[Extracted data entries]
· · · ·

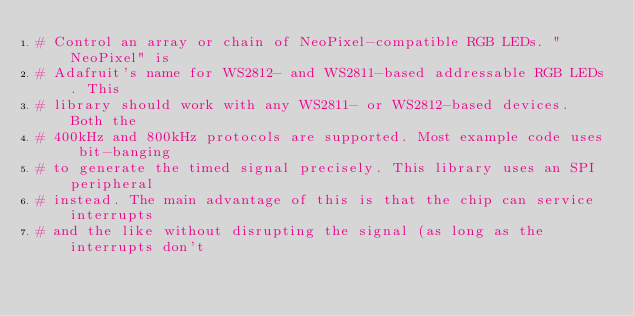<code> <loc_0><loc_0><loc_500><loc_500><_CMake_># Control an array or chain of NeoPixel-compatible RGB LEDs. "NeoPixel" is
# Adafruit's name for WS2812- and WS2811-based addressable RGB LEDs. This
# library should work with any WS2811- or WS2812-based devices. Both the
# 400kHz and 800kHz protocols are supported. Most example code uses bit-banging
# to generate the timed signal precisely. This library uses an SPI peripheral
# instead. The main advantage of this is that the chip can service interrupts
# and the like without disrupting the signal (as long as the interrupts don't</code> 
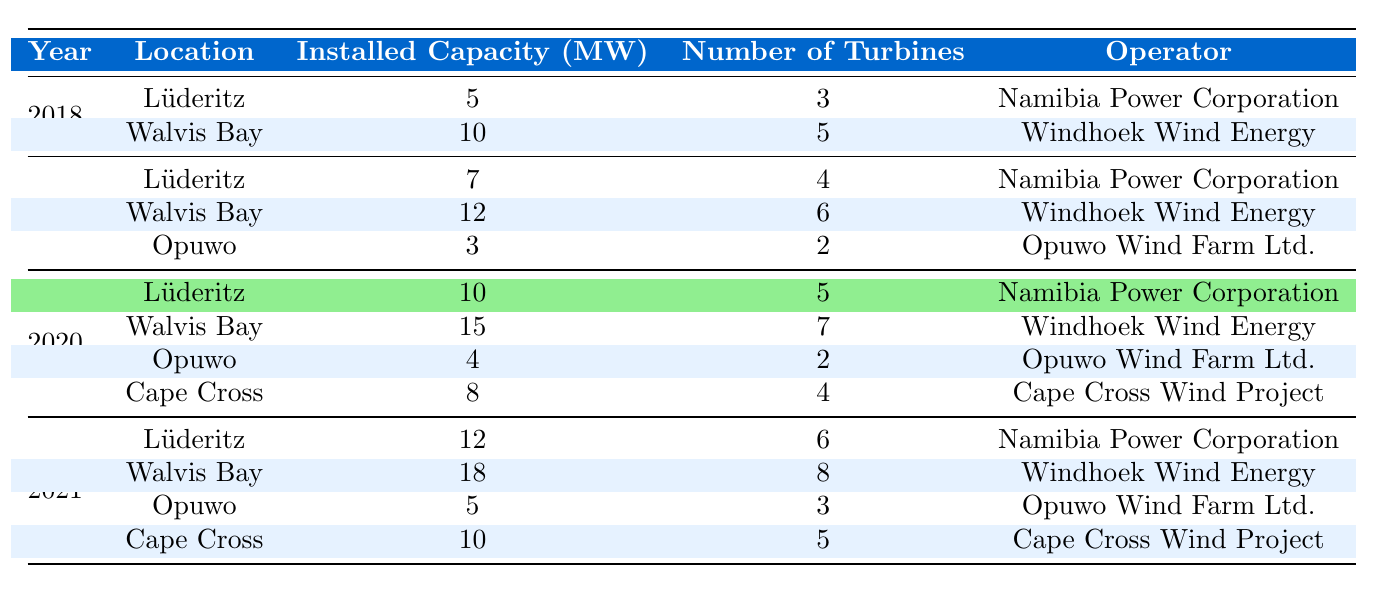What is the installed capacity of wind energy in Lüderitz for the year 2020? From the table, for the year 2020, the installed capacity of wind energy in Lüderitz is listed as 10 MW.
Answer: 10 MW Which operator managed the wind energy project with the highest installed capacity in 2021? In the table for 2021, Walvis Bay shows an installed capacity of 18 MW, which is the highest among all locations, and its operator is Windhoek Wind Energy.
Answer: Windhoek Wind Energy What is the total installed capacity of wind energy from all locations in Namibia in 2019? To get the total, we sum the installed capacities for each location in 2019: 7 (Lüderitz) + 12 (Walvis Bay) + 3 (Opuwo) = 22 MW.
Answer: 22 MW Did Opuwo's installed capacity increase from 2019 to 2021? In 2019, Opuwo had an installed capacity of 3 MW, which increased to 5 MW in 2021. Therefore, the capacity increased over the years.
Answer: Yes What is the average number of turbines for projects in Walvis Bay from 2018 to 2021? The number of turbines for Walvis Bay over the years is as follows: 5 (2018) + 6 (2019) + 7 (2020) + 8 (2021) = 26. There are 4 data points, so the average is: 26/4 = 6.5.
Answer: 6.5 How many total wind turbines were installed in Cape Cross as of 2021? According to the table, Cape Cross had 4 turbines in 2020 and increased to 5 turbines in 2021. Summing these gives a total of 9 turbines installed by 2021.
Answer: 9 Was the installed capacity in Lüderitz higher in 2021 compared to 2018? In Lüderitz, the installed capacity was 5 MW in 2018 and increased to 12 MW in 2021. Thus, it was indeed higher in 2021.
Answer: Yes What was the increase in installed capacity in Walvis Bay from 2020 to 2021? The installed capacity in Walvis Bay was 15 MW in 2020 and increased to 18 MW in 2021. The increase is calculated as: 18 - 15 = 3 MW.
Answer: 3 MW

· · · ·

**WHAT YOU ARE ASKED TO DO**
Please set down each entry word for word, without its images.

**ANSWER SECTION**
<code> <loc_0><loc_0><loc_500><loc_500><_CMake_># Control an array or chain of NeoPixel-compatible RGB LEDs. "NeoPixel" is
# Adafruit's name for WS2812- and WS2811-based addressable RGB LEDs. This
# library should work with any WS2811- or WS2812-based devices. Both the
# 400kHz and 800kHz protocols are supported. Most example code uses bit-banging
# to generate the timed signal precisely. This library uses an SPI peripheral
# instead. The main advantage of this is that the chip can service interrupts
# and the like without disrupting the signal (as long as the interrupts don't</code> 
What is the installed capacity of wind energy in Lüderitz for the year 2020? From the table, for the year 2020, the installed capacity of wind energy in Lüderitz is listed as 10 MW.
Answer: 10 MW Which operator managed the wind energy project with the highest installed capacity in 2021? In the table for 2021, Walvis Bay shows an installed capacity of 18 MW, which is the highest among all locations, and its operator is Windhoek Wind Energy.
Answer: Windhoek Wind Energy What is the total installed capacity of wind energy from all locations in Namibia in 2019? To get the total, we sum the installed capacities for each location in 2019: 7 (Lüderitz) + 12 (Walvis Bay) + 3 (Opuwo) = 22 MW.
Answer: 22 MW Did Opuwo's installed capacity increase from 2019 to 2021? In 2019, Opuwo had an installed capacity of 3 MW, which increased to 5 MW in 2021. Therefore, the capacity increased over the years.
Answer: Yes What is the average number of turbines for projects in Walvis Bay from 2018 to 2021? The number of turbines for Walvis Bay over the years is as follows: 5 (2018) + 6 (2019) + 7 (2020) + 8 (2021) = 26. There are 4 data points, so the average is: 26/4 = 6.5.
Answer: 6.5 How many total wind turbines were installed in Cape Cross as of 2021? According to the table, Cape Cross had 4 turbines in 2020 and increased to 5 turbines in 2021. Summing these gives a total of 9 turbines installed by 2021.
Answer: 9 Was the installed capacity in Lüderitz higher in 2021 compared to 2018? In Lüderitz, the installed capacity was 5 MW in 2018 and increased to 12 MW in 2021. Thus, it was indeed higher in 2021.
Answer: Yes What was the increase in installed capacity in Walvis Bay from 2020 to 2021? The installed capacity in Walvis Bay was 15 MW in 2020 and increased to 18 MW in 2021. The increase is calculated as: 18 - 15 = 3 MW.
Answer: 3 MW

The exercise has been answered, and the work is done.